Solution: Since $S$ is a nonempty subset of $\mathbb{R} $ that is bounded below, $\inf S$ exists. Let $\alpha = \inf S$. Let us denote \[ T = \{ -s : s \in S \}. \] We claim that $-\alpha $ is the least upper bound (supremum) of the set $T$. First observe that for any $t \in T$, there exists $s \in S$ such that $t = -s $. Since $\alpha$ is a lower bound of $S$, we have \begin{align*} s \geq \alpha \implies -s \leq -\alpha \implies t \leq -\alpha . \end{align*} As $t$ was arbitrarily chosen, we have shown that $-\alpha $ is an upper bound of $T$.
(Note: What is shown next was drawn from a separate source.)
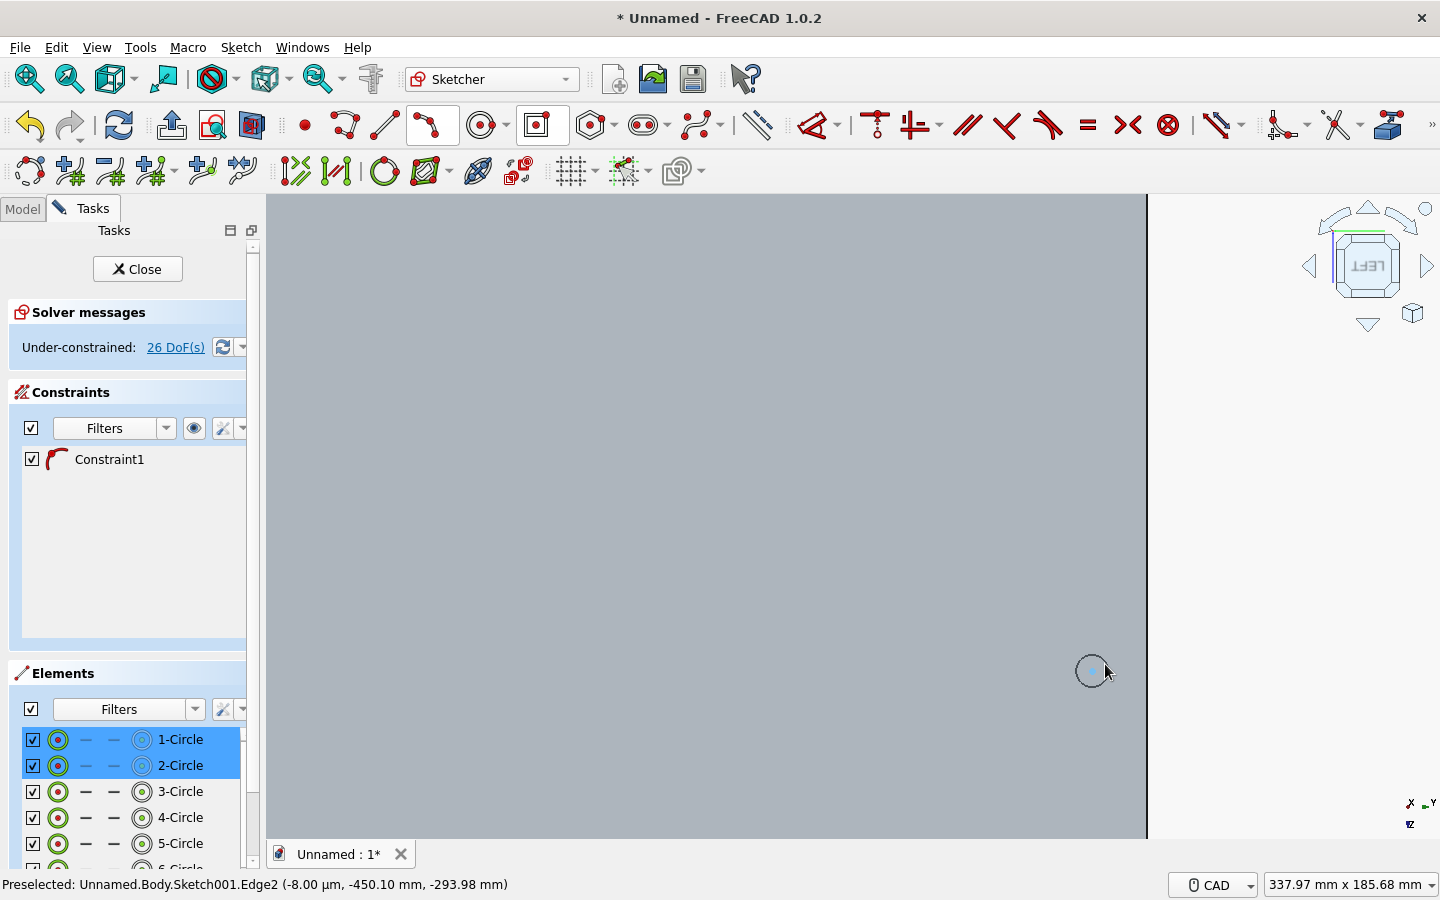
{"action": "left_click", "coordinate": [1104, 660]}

We now will show that $-\alpha $ is the least upper bound of $T$. Let $\beta $ be an upper bound of $T$. Then for any $t = -s \in T$, we have \begin{align*} t \leq \beta \implies -s \leq \beta \implies s \geq -\beta . \end{align*} As $\alpha $ is the greatest lower bound (infimum) of $S$, we have \[ -\beta \leq \alpha \implies \beta \geq -\alpha . \] Thus, $\alpha $ is the least upper bound of $T$ and hence \[ \inf S = -\sup \{ -s: s \in S \}. \]